Jason joined the army, was sent to India for officer training in the Indian Military Academy in Dehra Dun, where he outshone all the other cadets in his knowledge of jungle lore. He learnt to make a cuckoo call as well as the real bird which misled many a hearer on patrol exercises when a cuckoo answered his calls. On being commissioned he was posted to the 1st Gurkha Rifles. The three Indians and the Gurkha joined the Indian National Army, composed of Indian Army prisoners of war in Singapore. Intercepted by ‘Magic’, the highly guarded codeword given to the breaking of Japanese codes which the Indian National Army command in Singapore was allowed to use, the four men were captured; Rabilal Rai by Jason Rance and his men when he tried to get to India in a Japanese submarine; the two nephews, captured after parachuting into Burma and later hanged, and Tor Gul Khan, who was killed in Burma. Amazingly Jason Rance had been witness at the capture of the two Indians and the death of the one.

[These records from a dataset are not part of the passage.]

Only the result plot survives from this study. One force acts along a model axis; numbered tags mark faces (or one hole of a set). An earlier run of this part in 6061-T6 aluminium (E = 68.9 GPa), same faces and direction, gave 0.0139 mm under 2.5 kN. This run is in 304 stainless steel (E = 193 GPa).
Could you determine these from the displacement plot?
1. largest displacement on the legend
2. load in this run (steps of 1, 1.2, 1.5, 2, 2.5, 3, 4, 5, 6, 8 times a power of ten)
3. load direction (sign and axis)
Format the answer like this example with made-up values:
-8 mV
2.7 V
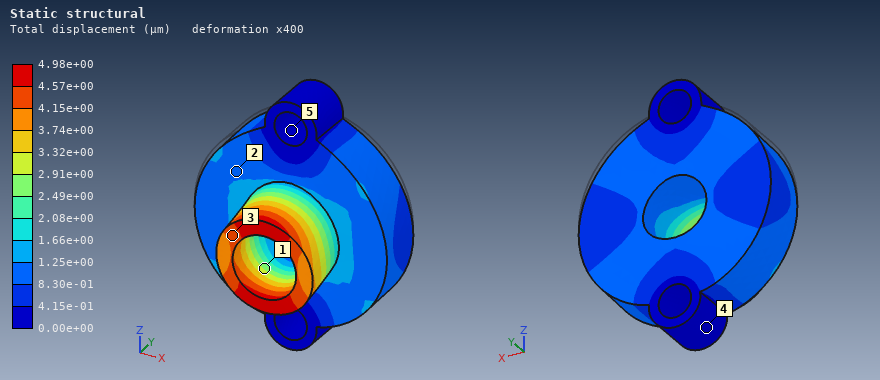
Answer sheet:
4.98e+00 µm
2.5 kN
-Z
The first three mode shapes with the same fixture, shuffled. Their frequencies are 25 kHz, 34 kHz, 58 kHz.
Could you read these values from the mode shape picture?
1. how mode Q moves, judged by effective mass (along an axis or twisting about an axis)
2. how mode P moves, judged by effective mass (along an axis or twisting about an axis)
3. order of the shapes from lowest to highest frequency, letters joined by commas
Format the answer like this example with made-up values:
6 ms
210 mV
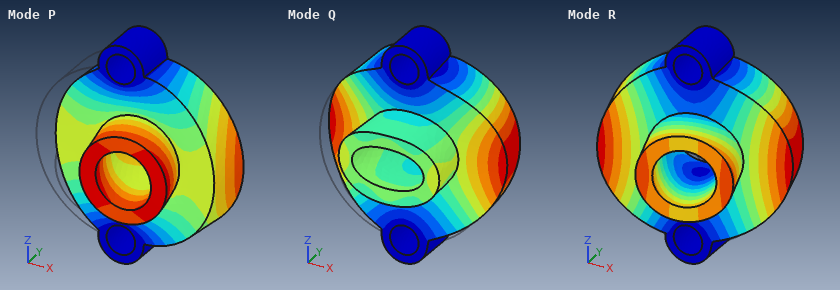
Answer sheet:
along Y
along X
R, Q, P
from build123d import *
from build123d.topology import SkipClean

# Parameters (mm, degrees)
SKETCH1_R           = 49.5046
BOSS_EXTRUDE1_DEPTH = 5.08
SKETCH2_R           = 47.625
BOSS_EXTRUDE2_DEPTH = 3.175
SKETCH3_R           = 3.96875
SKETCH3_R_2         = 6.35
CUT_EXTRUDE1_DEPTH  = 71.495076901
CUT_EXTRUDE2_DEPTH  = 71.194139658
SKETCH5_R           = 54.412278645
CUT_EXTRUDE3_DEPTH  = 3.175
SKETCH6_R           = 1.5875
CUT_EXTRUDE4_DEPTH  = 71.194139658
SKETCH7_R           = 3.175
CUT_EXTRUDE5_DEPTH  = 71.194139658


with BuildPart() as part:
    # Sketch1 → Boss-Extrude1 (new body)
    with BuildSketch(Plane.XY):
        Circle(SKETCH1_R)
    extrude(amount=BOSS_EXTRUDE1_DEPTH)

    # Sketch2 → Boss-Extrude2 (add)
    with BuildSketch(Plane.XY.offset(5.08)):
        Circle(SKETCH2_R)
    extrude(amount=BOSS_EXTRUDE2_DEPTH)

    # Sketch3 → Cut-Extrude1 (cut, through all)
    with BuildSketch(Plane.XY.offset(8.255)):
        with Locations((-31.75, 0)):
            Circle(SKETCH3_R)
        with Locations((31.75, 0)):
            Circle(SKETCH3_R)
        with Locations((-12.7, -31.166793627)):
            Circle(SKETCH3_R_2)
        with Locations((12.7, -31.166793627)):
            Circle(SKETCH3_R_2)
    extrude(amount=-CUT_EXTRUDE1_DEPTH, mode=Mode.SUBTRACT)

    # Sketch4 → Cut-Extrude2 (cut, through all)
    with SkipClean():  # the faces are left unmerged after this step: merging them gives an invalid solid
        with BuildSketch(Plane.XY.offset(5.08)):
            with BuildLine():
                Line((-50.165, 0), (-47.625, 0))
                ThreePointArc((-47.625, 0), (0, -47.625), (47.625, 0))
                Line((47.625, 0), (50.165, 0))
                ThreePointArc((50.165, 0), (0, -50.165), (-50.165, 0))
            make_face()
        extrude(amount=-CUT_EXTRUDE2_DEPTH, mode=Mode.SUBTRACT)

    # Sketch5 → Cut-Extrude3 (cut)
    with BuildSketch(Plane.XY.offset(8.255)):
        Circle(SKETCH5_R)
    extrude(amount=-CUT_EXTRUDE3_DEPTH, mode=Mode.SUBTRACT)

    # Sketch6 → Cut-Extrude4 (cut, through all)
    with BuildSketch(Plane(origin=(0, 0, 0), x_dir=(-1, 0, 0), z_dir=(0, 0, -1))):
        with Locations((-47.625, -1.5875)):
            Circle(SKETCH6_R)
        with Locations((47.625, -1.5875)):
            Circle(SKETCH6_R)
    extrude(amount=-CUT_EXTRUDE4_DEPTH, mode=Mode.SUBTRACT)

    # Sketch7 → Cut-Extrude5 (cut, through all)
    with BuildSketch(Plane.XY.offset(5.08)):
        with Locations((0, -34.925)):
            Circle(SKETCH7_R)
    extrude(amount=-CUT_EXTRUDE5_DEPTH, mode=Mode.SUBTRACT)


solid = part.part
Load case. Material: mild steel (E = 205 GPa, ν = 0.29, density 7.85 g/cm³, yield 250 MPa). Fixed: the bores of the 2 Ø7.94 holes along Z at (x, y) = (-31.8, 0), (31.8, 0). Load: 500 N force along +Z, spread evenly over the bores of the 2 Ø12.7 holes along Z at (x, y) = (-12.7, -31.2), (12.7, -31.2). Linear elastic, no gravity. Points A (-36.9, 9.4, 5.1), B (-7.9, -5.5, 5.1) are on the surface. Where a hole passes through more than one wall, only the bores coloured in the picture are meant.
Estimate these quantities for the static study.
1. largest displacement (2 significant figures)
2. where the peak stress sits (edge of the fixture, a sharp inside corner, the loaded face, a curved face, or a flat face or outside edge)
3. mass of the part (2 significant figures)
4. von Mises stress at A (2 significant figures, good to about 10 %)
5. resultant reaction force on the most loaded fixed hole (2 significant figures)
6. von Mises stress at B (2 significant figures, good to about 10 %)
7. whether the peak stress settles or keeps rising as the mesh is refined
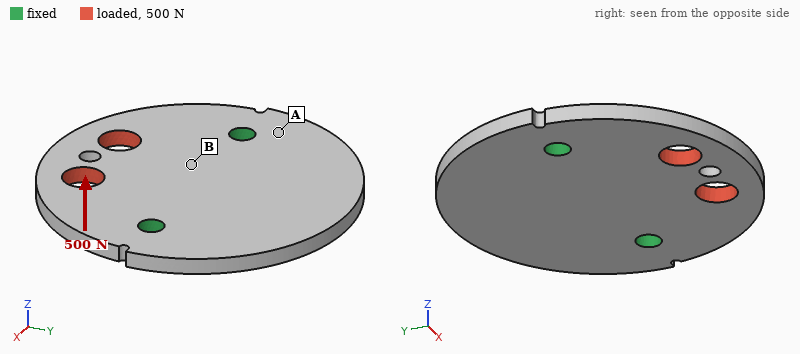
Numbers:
65 µm
edge of the fixture
280 g
8.1 MPa
250 N
22 MPa
keeps rising
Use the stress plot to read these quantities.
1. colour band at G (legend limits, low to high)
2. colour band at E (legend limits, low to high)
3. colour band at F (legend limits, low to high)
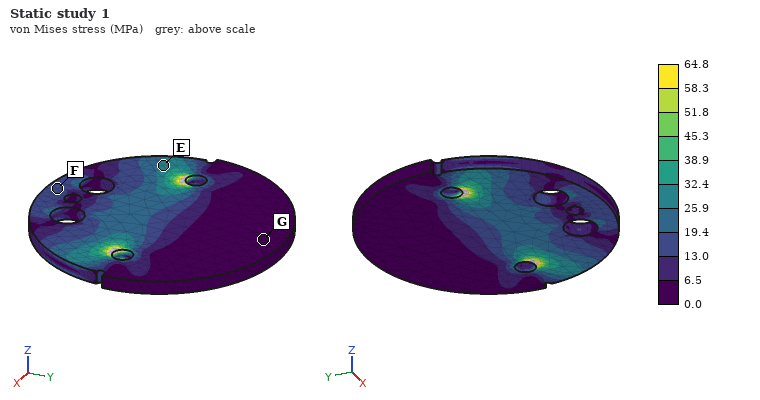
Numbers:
0.0 to 6.5 MPa
25.9 to 32.4 MPa
13.0 to 19.4 MPa
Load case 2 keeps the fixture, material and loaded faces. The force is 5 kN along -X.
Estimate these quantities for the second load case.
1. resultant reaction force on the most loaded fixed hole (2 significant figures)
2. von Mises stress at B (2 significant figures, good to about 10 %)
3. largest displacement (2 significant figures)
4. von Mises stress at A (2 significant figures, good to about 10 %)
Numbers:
3.4 kN
17 MPa
9.6 µm
10 MPa
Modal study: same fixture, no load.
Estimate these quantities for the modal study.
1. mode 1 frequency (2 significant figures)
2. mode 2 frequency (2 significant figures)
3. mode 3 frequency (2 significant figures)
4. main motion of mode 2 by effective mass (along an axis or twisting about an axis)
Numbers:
2000 Hz
2500 Hz
4700 Hz
along Z
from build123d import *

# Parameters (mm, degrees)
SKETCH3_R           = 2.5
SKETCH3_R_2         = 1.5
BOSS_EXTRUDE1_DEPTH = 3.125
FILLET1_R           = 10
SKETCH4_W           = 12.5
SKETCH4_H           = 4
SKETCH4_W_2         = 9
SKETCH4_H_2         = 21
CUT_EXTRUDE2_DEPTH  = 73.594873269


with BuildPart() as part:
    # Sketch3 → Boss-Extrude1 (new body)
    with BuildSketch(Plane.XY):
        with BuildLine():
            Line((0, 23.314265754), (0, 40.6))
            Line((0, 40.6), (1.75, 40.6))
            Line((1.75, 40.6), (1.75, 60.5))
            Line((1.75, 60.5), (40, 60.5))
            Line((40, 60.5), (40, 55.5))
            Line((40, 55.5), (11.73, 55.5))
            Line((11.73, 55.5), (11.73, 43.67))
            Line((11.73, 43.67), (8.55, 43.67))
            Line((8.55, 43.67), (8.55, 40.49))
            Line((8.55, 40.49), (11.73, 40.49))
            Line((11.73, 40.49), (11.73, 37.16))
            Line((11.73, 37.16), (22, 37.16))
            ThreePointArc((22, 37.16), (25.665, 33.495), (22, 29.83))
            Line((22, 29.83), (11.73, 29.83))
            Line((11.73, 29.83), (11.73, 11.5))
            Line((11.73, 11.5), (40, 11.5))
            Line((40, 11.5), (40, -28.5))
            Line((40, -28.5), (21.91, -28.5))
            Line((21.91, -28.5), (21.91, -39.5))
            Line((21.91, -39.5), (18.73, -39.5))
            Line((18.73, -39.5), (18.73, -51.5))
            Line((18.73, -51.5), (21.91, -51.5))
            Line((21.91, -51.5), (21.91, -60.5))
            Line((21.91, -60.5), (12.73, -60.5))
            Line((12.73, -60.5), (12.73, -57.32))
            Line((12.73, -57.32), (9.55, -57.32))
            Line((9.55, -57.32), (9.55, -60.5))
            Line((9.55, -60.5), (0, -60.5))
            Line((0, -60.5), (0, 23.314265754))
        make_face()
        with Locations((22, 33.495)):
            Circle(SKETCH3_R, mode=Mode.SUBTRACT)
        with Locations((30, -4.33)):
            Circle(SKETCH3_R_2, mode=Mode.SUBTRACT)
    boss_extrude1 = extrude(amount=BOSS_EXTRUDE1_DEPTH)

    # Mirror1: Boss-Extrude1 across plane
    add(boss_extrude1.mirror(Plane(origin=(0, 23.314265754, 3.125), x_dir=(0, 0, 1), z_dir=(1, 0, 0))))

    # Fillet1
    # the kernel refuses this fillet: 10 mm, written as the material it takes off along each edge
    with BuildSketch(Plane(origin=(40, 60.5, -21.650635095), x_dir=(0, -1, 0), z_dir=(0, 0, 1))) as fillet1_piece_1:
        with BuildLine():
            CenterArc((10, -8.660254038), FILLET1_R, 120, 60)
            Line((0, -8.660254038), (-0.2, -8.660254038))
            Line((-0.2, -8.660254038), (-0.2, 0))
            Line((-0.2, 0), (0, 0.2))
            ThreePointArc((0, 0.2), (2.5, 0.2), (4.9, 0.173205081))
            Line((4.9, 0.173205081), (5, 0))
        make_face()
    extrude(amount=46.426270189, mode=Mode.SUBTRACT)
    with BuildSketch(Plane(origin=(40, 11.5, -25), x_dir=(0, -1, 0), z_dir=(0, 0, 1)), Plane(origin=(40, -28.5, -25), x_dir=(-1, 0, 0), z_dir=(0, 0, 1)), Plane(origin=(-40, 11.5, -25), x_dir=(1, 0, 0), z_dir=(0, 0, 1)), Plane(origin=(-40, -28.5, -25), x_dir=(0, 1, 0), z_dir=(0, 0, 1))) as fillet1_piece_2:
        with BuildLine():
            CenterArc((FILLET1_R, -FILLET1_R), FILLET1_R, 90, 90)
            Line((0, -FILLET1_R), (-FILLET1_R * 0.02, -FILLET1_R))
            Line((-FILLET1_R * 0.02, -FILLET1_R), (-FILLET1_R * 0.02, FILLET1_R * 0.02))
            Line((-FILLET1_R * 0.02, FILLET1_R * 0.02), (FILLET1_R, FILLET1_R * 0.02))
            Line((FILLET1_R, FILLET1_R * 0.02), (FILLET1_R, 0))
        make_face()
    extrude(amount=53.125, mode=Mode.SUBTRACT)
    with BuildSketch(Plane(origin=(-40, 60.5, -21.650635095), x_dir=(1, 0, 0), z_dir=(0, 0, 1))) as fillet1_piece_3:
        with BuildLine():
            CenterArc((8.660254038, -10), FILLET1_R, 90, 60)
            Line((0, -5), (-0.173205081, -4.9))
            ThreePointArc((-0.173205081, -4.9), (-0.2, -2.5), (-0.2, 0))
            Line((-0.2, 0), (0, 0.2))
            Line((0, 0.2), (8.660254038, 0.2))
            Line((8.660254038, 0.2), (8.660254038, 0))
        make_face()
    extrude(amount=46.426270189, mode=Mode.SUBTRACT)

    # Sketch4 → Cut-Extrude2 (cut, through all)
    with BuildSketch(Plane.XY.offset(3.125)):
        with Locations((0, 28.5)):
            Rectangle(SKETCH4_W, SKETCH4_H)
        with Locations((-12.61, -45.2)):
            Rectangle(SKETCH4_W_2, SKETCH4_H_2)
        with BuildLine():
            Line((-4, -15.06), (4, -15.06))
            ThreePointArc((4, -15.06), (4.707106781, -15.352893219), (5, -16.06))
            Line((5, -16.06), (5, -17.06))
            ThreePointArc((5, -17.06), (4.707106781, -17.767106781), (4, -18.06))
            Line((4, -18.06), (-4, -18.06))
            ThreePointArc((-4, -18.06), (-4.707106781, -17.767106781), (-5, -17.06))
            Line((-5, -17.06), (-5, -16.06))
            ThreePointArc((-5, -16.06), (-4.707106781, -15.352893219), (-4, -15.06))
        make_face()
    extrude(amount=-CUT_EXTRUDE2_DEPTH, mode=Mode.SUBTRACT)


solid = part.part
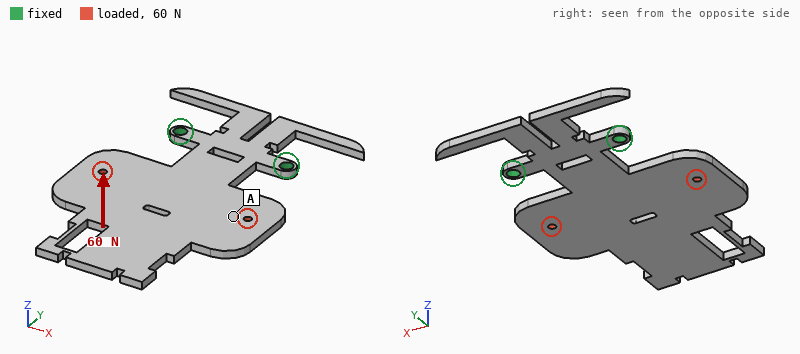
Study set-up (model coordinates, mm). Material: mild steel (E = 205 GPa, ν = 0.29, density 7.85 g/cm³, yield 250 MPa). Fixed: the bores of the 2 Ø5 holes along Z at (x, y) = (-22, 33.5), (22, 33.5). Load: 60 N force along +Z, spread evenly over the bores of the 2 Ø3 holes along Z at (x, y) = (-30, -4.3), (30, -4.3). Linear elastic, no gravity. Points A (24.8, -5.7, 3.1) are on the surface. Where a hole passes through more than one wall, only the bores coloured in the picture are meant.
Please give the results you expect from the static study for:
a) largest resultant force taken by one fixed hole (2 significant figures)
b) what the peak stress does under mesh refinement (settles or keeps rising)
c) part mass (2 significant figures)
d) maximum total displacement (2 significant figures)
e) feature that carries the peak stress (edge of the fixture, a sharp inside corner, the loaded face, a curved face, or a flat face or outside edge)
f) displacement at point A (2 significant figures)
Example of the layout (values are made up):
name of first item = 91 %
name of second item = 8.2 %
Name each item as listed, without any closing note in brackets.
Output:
largest resultant force taken by one fixed hole = 30 N
what the peak stress does under mesh refinement = keeps rising
part mass = 140 g
maximum total displacement = 0.58 mm
feature that carries the peak stress = a sharp inside corner
displacement at point A = 0.22 mm
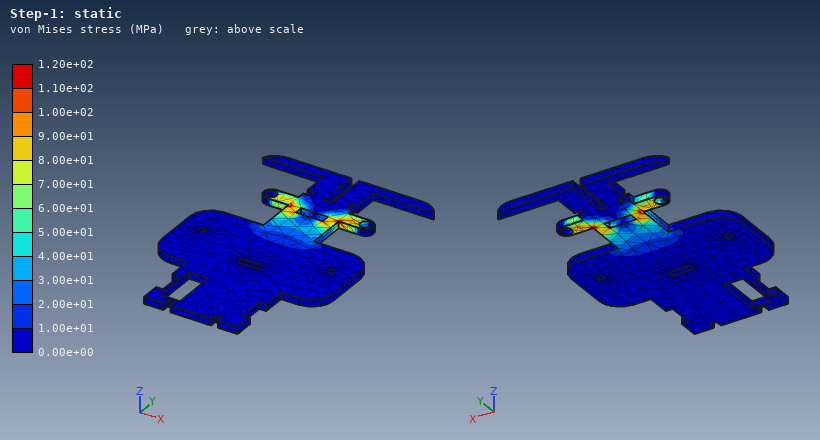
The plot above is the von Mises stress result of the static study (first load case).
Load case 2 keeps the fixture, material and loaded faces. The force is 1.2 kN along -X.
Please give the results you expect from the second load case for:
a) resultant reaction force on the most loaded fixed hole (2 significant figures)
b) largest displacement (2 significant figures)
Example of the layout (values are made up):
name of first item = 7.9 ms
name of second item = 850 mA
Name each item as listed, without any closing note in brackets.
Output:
resultant reaction force on the most loaded fixed hole = 1.5 kN
largest displacement = 0.20 mm
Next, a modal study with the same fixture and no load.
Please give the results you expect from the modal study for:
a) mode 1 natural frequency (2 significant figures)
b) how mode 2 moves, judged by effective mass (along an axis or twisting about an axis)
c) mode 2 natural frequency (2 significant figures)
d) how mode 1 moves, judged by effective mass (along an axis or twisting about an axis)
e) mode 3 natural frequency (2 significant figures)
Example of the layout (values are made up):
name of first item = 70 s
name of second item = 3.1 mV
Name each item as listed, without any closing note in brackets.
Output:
mode 1 natural frequency = 170 Hz
how mode 2 moves, judged by effective mass = twisting about Y
mode 2 natural frequency = 580 Hz
how mode 1 moves, judged by effective mass = along Z
mode 3 natural frequency = 1100 Hz

During the early stages of Japan’s invasion of Malaya Jason’s parents had escaped to India and his father had been commissioned in the Indian Intelligence Corps and worked in General Headquarters in New Delhi. He had met his son when Jason went to GHQ for briefing for two special jobs; teaching units of the Chinese Army to use British Light Machine Guns; being loaned to the Nepalese Contingent’s battalion in Burma to teach them the use of snipers’ rifles. A third meeting was at the trial of the two captured parachutists.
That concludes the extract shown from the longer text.